One simulation run takes between one and seven days on a 3GHz Pentium CPU. In order to be able to gather statistics as well as to minimize finite size effects, we parallelized our code. While MD codes have been parallelized by many groups, only few parallel implementations of a coupled MD and SRD program exist. This is in contrast to the number of parallel implementations of other mesoscopic simulation methods like for example the lattice Boltzmann method. A possible explanation is that SRD is a more recent and so far not as widely used algorithm causing the parallelization to be a more challenging task.

We study systems [23] containing a volume concentration of 5% of colloidal particles (=1320 MD particles), a shear rate of = 20/s, ionic strengths I= 3mmol/l and 7mmol/l, and pH = 6 and 7. To demonstrate the effect of clustering, in fig, (1) snapshots from a typical simulation of a 8.88µm³ system with periodic boundaries at I = 7mmol/l and pH = 6 at different times are shown. While at the beginning of the simulation (a), freely moving particles can be observed, small clusters appear after t = 0.26s (b). After t = 1.06s, all particles are contained within three individual clusters (c) and after t = 4.22s only one single cluster is left in the system. For an investigation of the formation and movement of clusters, substantially larger systems are needed. Therefore, we scaled up the simulation volume to 17.76µ³ containing 10560 MD particles and 1.3·10⁷ fluid particles. Due to the computational demands of the fluid solver, a single simulation of 5s real time requires about 5000 CPU hours on 32 CPUs of an IBM p690 system.

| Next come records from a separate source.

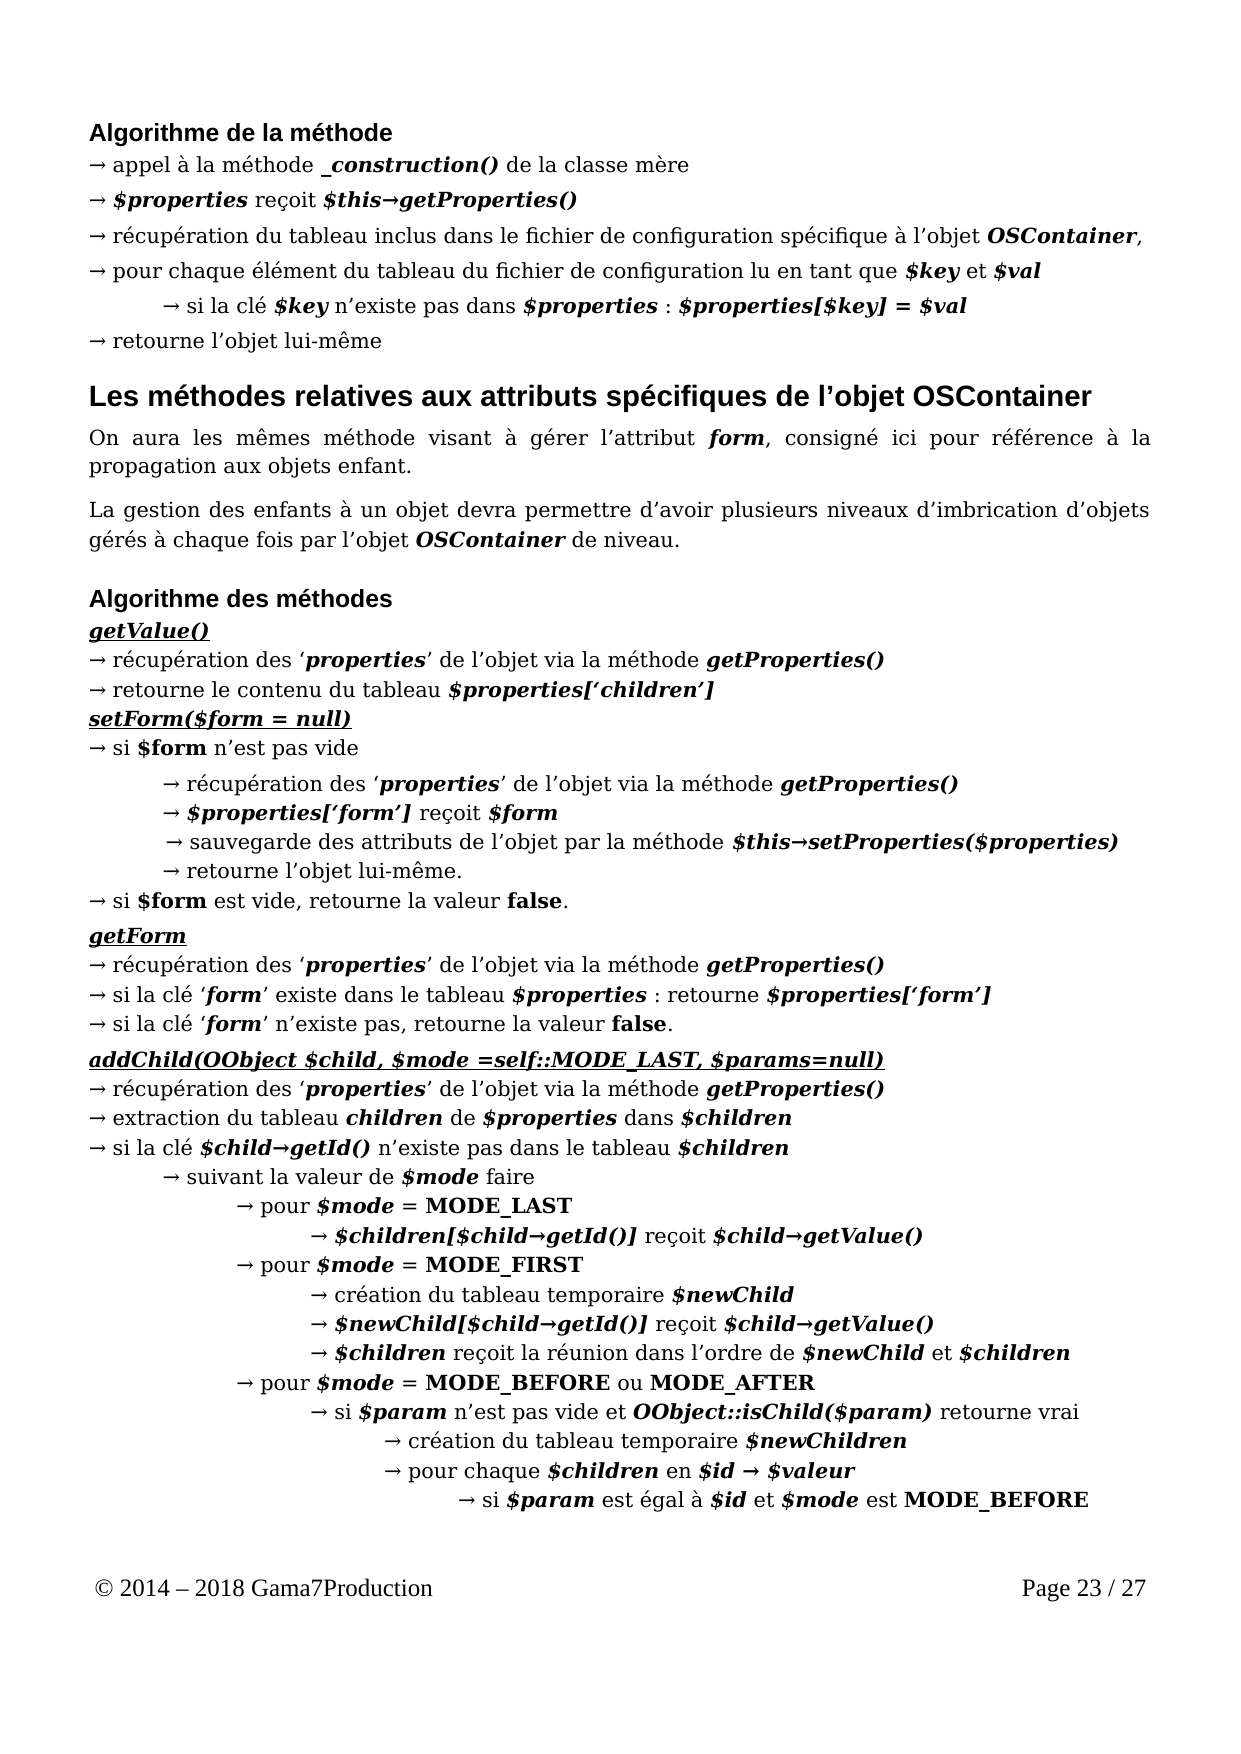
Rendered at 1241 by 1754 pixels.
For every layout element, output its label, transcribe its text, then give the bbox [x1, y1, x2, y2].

text → si la clé $child→getId() n’existe pas dans le tableau $children [88, 1136, 1152, 1160]
text getForm [88, 924, 1152, 948]
text La gestion des enfants à un objet devra permettre d’avoir plusieurs niveaux d’imbrication d’objets gérés à chaque fois par l’objet OSContainer de niveau. [88, 498, 1152, 552]
text → retourne l’objet lui-même. [88, 859, 1152, 884]
text getValue() [88, 619, 1152, 643]
text → si la clé ‘form’ existe dans le tableau $properties : retourne $properties[‘form’] [88, 983, 1152, 1007]
text → sauvegarde des attributs de l’objet par la méthode $this→setProperties($properties) [165, 830, 1152, 855]
text On aura les mêmes méthode visant à gérer l’attribut form, consigné ici pour référence à la propagation aux objets enfant. [88, 425, 1152, 479]
text → récupération des ‘properties’ de l’objet via la méthode getProperties() [88, 1077, 1152, 1101]
text → si la clé ‘form’ n’existe pas, retourne la valeur false. [88, 1012, 1152, 1037]
subtitle Les méthodes relatives aux attributs spécifiques de l’objet OSContainer [88, 379, 1152, 413]
text → récupération des ‘properties’ de l’objet via la méthode getProperties() [88, 953, 1152, 978]
text → $children reçoit la réunion dans l’ordre de $newChild et $children [88, 1341, 1152, 1366]
text → si la clé $key n’existe pas dans $properties : $properties[$key] = $val [88, 294, 1152, 319]
subtitle Algorithme des méthodes [88, 584, 1152, 612]
text → pour chaque $children en $id → $valeur [88, 1459, 1152, 1483]
text → appel à la méthode _construction() de la classe mère [88, 153, 1152, 177]
text → pour $mode = MODE_BEFORE ou MODE_AFTER [88, 1371, 1152, 1395]
text → création du tableau temporaire $newChildren [88, 1429, 1152, 1454]
text → si $param n’est pas vide et OObject::isChild($param) retourne vrai [88, 1400, 1152, 1424]
text → $newChild[$child→getId()] reçoit $child→getValue() [88, 1312, 1152, 1336]
text → si $form est vide, retourne la valeur false. [88, 889, 1152, 913]
text setForm($form = null) [88, 707, 1152, 731]
text → $properties[‘form’] reçoit $form [88, 801, 1152, 825]
text → $properties reçoit $this→getProperties() [88, 188, 1152, 213]
text → retourne le contenu du tableau $properties[‘children’] [88, 677, 1152, 702]
text → création du tableau temporaire $newChild [88, 1282, 1152, 1307]
text → récupération du tableau inclus dans le fichier de configuration spécifique à l’objet OSContainer, [88, 223, 1152, 248]
text → retourne l’objet lui-même [88, 329, 1152, 354]
text → extraction du tableau children de $properties dans $children [88, 1106, 1152, 1131]
text → suivant la valeur de $mode faire [88, 1165, 1152, 1189]
text → pour chaque élément du tableau du fichier de configuration lu en tant que $key et $val [88, 259, 1152, 283]
text → récupération des ‘properties’ de l’objet via la méthode getProperties() [88, 771, 1152, 796]
text → récupération des ‘properties’ de l’objet via la méthode getProperties() [88, 648, 1152, 672]
text → $children[$child→getId()] reçoit $child→getValue() [88, 1224, 1152, 1248]
text → si $param est égal à $id et $mode est MODE_BEFORE [88, 1488, 1152, 1512]
text addChild(OObject $child, $mode =self::MODE_LAST, $params=null) [88, 1047, 1152, 1072]
text → si $form n’est pas vide [88, 736, 1152, 761]
subtitle Algorithme de la méthode [88, 118, 1152, 147]
text → pour $mode = MODE_LAST [88, 1194, 1152, 1219]
text → pour $mode = MODE_FIRST [88, 1253, 1152, 1277]

Using this algorithm we can calculate the viscosity and obtain the result shown in Fig. 2. We compare this with experimental data obtained by Reinshagen in Karlsruhe for aluminum oxyde beads in water at pH = 6 under shear [14]. We see that the agreement is good and that the numerical data show much more scatter that the experimental one because the simulated system is much smaller. Another reason for discrepancy is the insecurity in the experimental determination of the z-potential. Clearly the system exhibits shear softening, i.e. the viscosity decreases with the shear rate. This is very typical for dense colloids.

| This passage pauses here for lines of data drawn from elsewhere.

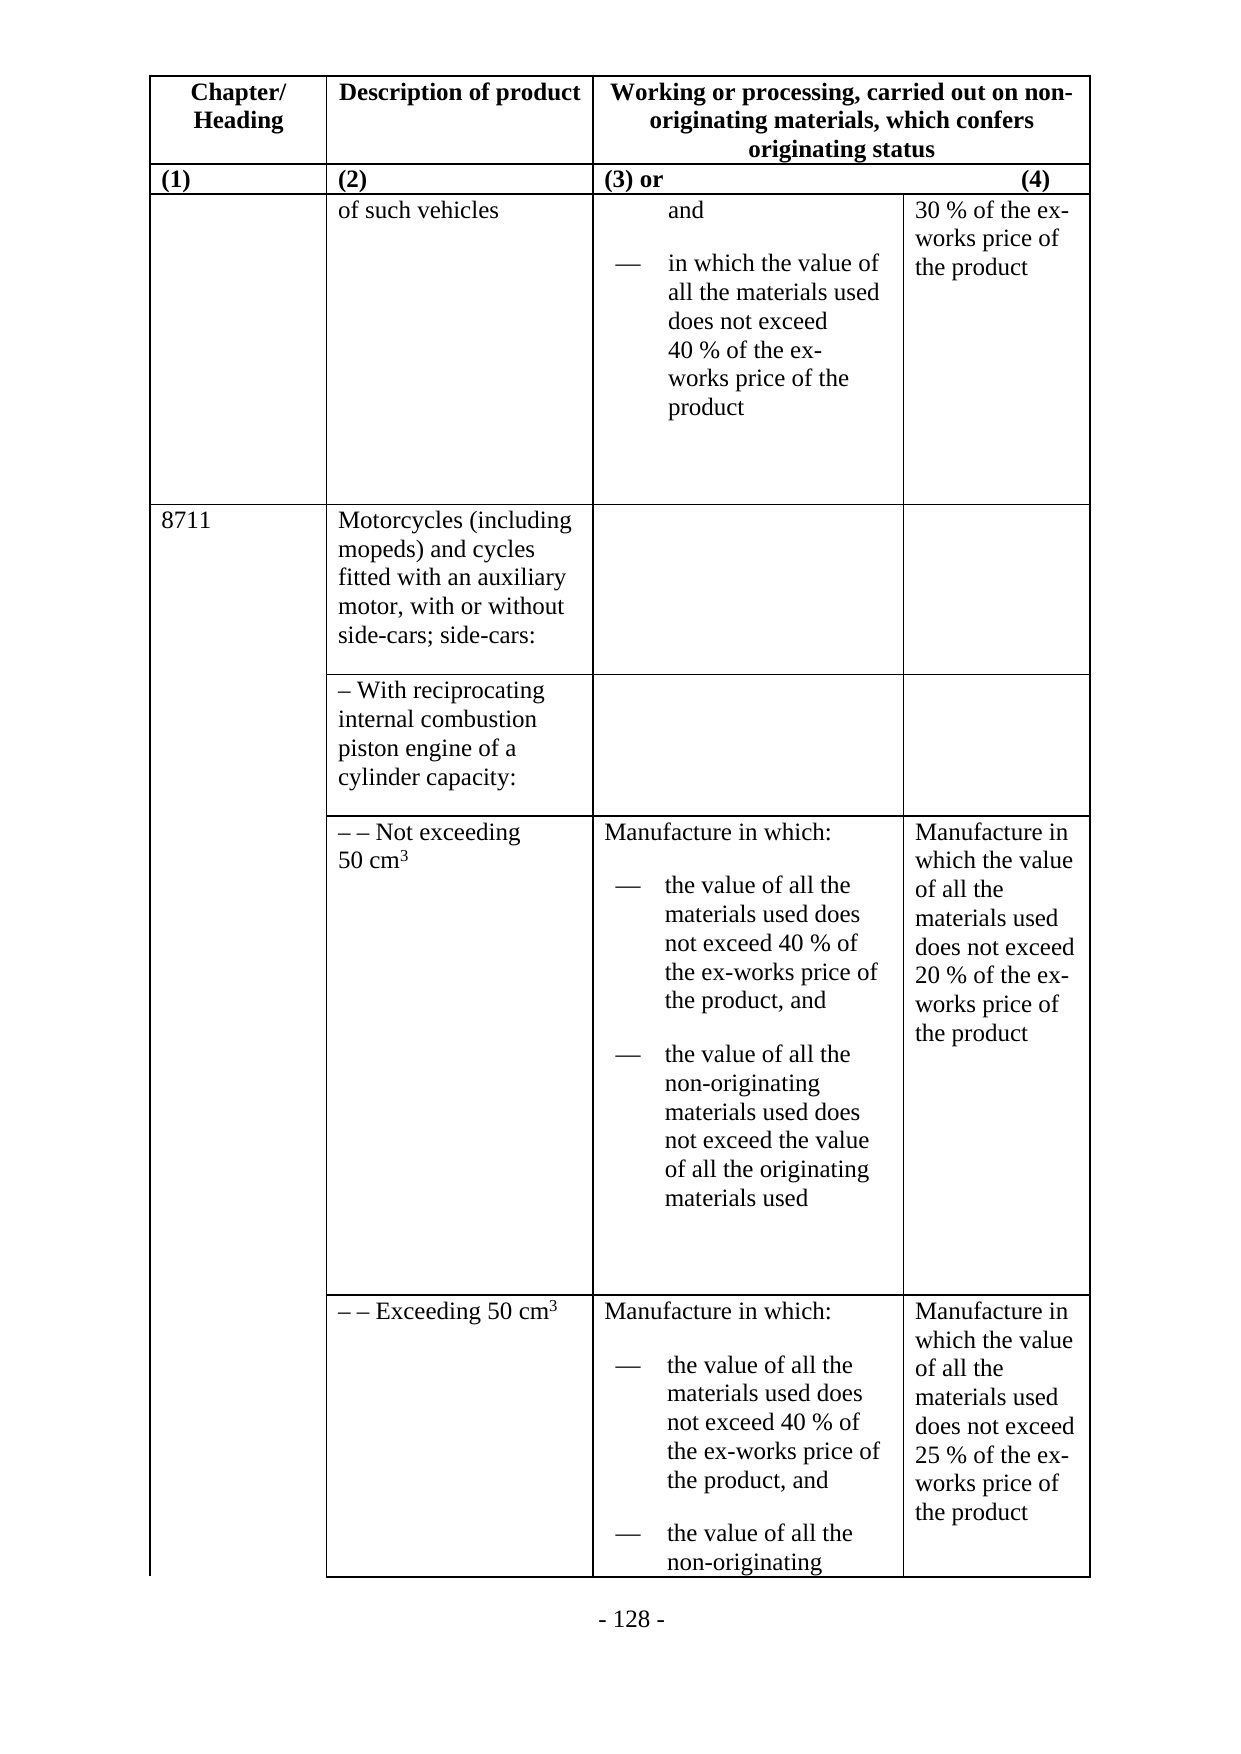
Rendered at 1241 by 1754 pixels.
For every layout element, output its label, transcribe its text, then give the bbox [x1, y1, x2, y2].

table_cell Manufacture in which the value of all the materials used does not exceed 25 % of the ex-works price of the product [904, 1296, 1089, 1576]
table_cell the value of all the non-originating materials used does not exceed the value of all the originating materials used [653, 1039, 892, 1237]
table_cell [151, 1294, 326, 1576]
table_cell [594, 195, 903, 503]
table_header — [604, 871, 653, 1039]
table_cell 30 % of the ex-works price of the product [904, 195, 1089, 503]
table_cell (2) [327, 165, 592, 193]
table_cell (3) or (4) [594, 165, 1089, 193]
table_header the value of all the materials used does not exceed 40 % of the ex-works price of the product, and [653, 871, 892, 1039]
table_cell [594, 675, 903, 815]
table_header and [657, 195, 892, 248]
table_cell the value of all the non-originating [656, 1519, 892, 1576]
table_cell 8711 [151, 505, 326, 674]
table_cell in which the value of all the materials used does not exceed 40 % of the ex-works price of the product [657, 249, 892, 446]
table_cell – – Exceeding 50 cm3 [327, 1296, 592, 1576]
table_cell [594, 505, 903, 674]
table_cell (1) [151, 165, 326, 193]
table_cell [904, 505, 1089, 674]
table_cell Manufacture in which: [594, 1296, 903, 1576]
table_cell [151, 195, 326, 503]
table_header — [604, 1350, 656, 1518]
table_cell Motorcycles (including mopeds) and cycles fitted with an auxiliary motor, with or without side-cars; side-cars: [327, 505, 592, 674]
table_header [604, 195, 657, 248]
table_header Description of product [327, 77, 592, 163]
table_cell — [604, 249, 657, 446]
table_cell Manufacture in which the value of all the materials used does not exceed 20 % of the ex-works price of the product [904, 817, 1089, 1294]
table_cell – – Not exceeding 50 cm3 [327, 817, 592, 1294]
table_header the value of all the materials used does not exceed 40 % of the ex-works price of the product, and [656, 1350, 892, 1518]
table_cell [151, 815, 326, 1294]
table_cell — [604, 1039, 653, 1237]
table_cell – With reciprocating internal combustion piston engine of a cylinder capacity: [327, 675, 592, 815]
table_header Working or processing, carried out on non-originating materials, which confers originating status [594, 77, 1089, 163]
table_cell [904, 675, 1089, 815]
table_cell — [604, 1519, 656, 1576]
table_cell [151, 674, 326, 815]
table_header Chapter/Heading [151, 77, 326, 163]
table_cell Manufacture in which: [594, 817, 903, 1294]
table_cell of such vehicles [327, 195, 592, 503]

Summarizing, the presented combination of MD and SRD has turned out to be very accurate to simulate colloids of nanosized particles where van der Waals and electrostatic forces compete with thermal motion. Besides the cluster formation and the rheology presented here we have also measured correlations functions and structure factors [12].

III. THE VELOCITY DISTRIBUTION

The probability distribution function of particle velocities P(v) can be of use for a better understanding of colloids. Naively, one might expect P(v) to be of similar shape as for an ideal gas, i.e., like a Maxwellian. However, it has been found by numerous authors that the probability of high velocities is substantially larger than predicted by a Gaussian shaped distribution function [24, 25]. Non-Gaussian distributions are well known from other fields of physics like granular media [26, 28], astrophysics [29], flow in porous media [30], turbulence [31], bubble rafts [32] or glass forming colloids [33]. Experimentally, Rouyer et al. [34] studied quasi 2D hard-sphere suspensions and found a stretched exponential form of P(v) with concentration dependent exponents between 1 and 2 corresponding to purely exponential distributions for high concentrations and a Gaussian for small particle counts. These experimental results are in contrast to theoretical predictions of a transition from exponential to Gaussian with increasing volume concentration [24, 25]. However, both experimental and theoretically studied systems are not able to obtain valuable statistics over more than 2-4 decades. If one does not have enough data for high quality PDFs, a final answer on the nature of the function cannot be given since for high velocities the variation of the data points is too large. Indeed, we have found that even stretched exponentials can fit PDFs with purely exponential tails and Gaussian centers if only 2-4 decades of probability are covered [35]. But as soon as one adds more data points, the exponential nature of the tails becomes more distinct and fitting the whole PDF with a single stretched exponential function becomes impossible.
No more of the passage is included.